Fiona laughed then, lifting her napkin to her lips before tossing it aside.
“Considering all I had already done to gain his attention without much success, I thought it quite tame, really. But I was so damnedly, dementedly in love with him that I refused to accept that somewhere deep down, he didn’t feel the same.
I decided to take my one last chance. I went out there to prove to myself—perhaps to us both—that I was right, and he did love me more than he ever loved Moira.
Ah, Ilona, I was such a foolish child, wasn’t I? ”
“I don’t know. I might have done the same with Colin if he ignored me. I was quite determined to have him. Much the same as you.”
“Yes, I was. There he was in the garden. The night was warm for spring, the music drifting from the house. It was such a romantic setting, and he...he was so bloody handsome, damn him,” she recalled.
“I couldn’t help myself. I went to him..
.ha! Oh, Ilona, I ran to him. I threw myself into his arms before he could say a word about it, yea or nay. ”
“There you are, Harry!” she had exclaimed, lacing her arms around his neck. “I’ve been looking for you!”
* * *
“I assure you, I didn’t invite her to join me there.
I certainly didn’t encourage her. Bold as brass, she threw her arms around my neck without so much as a by-your-leave.
She was...well, shall we say there before I had a chance to put together any sort of defense, saying something about me looking lonely or some such nonsense.
I had enough presence of mind to try pulling her off me, but she was like a barnacle, and as I said. ..”
“You were fairly deep in your cups,” the earl supplied dryly.
“Quite so.” He nodded crisply, rocking back on his heels.
“She said something like, ‘There you are, Harry’, and naturally, I told her she should not address me so familiarly. ‘Why not?’ she asked. ‘Abby does. Moira does.’ To which I promptly reminded her that while that might be so, Lady Glenrothes certainly did not address me so. Do you know what she said to that?”
Her brother shook his head.
He swirled his whiskey around the rim of the glass, fondly recalling her words. “I remember it quite clearly, despite my inebriated state.

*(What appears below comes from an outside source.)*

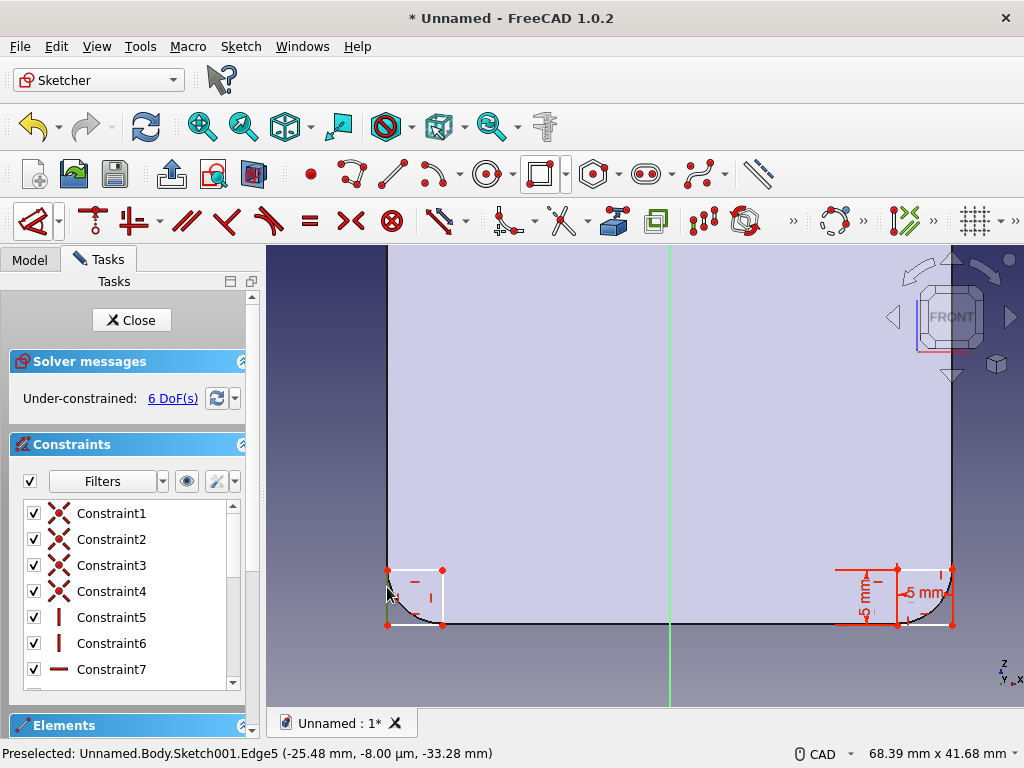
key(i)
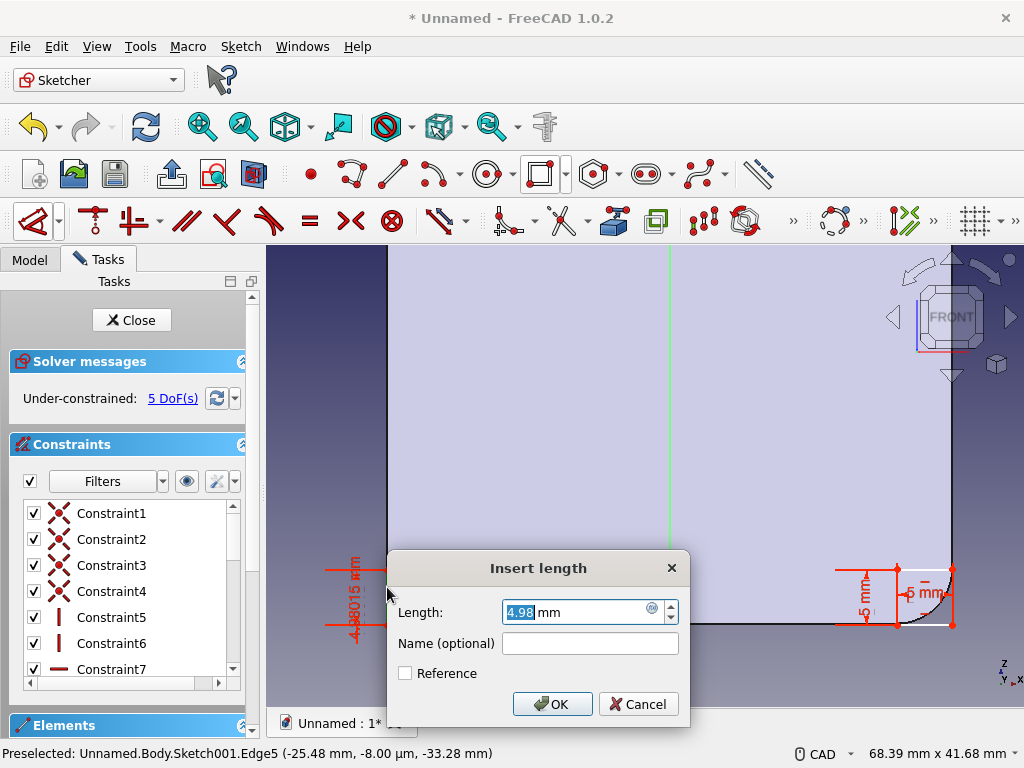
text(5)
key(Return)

She said—ever so saucily, mind you—‘Ah, but then you never courted Eve, did you?’”
“I should hope not.” There was just a hint of humor reflected in Glenrothes’ eye, though.
“Impudent piece of baggage.” He chuckled into his glass as he tipped it up.
“She is that,” Glenrothes agreed, taking another long drink as well. “Then what? Surely that cannot be all?”
* * *
“Then I kissed him,” Fiona confessed. “I had tried to before, of course...”
“Fiona!”
“Humph, like you never kissed Colin before you wed!”
“Not until we were engaged,” Ilona replied primly, though her lips were twitching.
“In any case, I kissed him, and the next thing I knew, he was kissing me back. Not just a mere peck, either.”
Fiona lifted her fingers to her lips, lost in the memory.
Harry had kissed her then, her first real kiss.
Deeply. Sensually. His fingers threaded through her hair, forcing her head back so that he could devour her more thoroughly.
He had wanted her, even then, she realized.
The way he had pressed her up against that tree. ..
“Fiona?”
“The way he kissed me, as shocking as it was, was the most thrilling moment of my life,” she told her with some understatement.
In fact, she had been desperate with yearning, taken about by the force of her ardor.
Had Harry felt the same? “It was rather earth-shattering, really. I felt it to the tips of my toes. And the way he held me! His arms nearly crushed me against him. I was...”
* * *
“...simply appalled with myself,” Aylesbury confessed.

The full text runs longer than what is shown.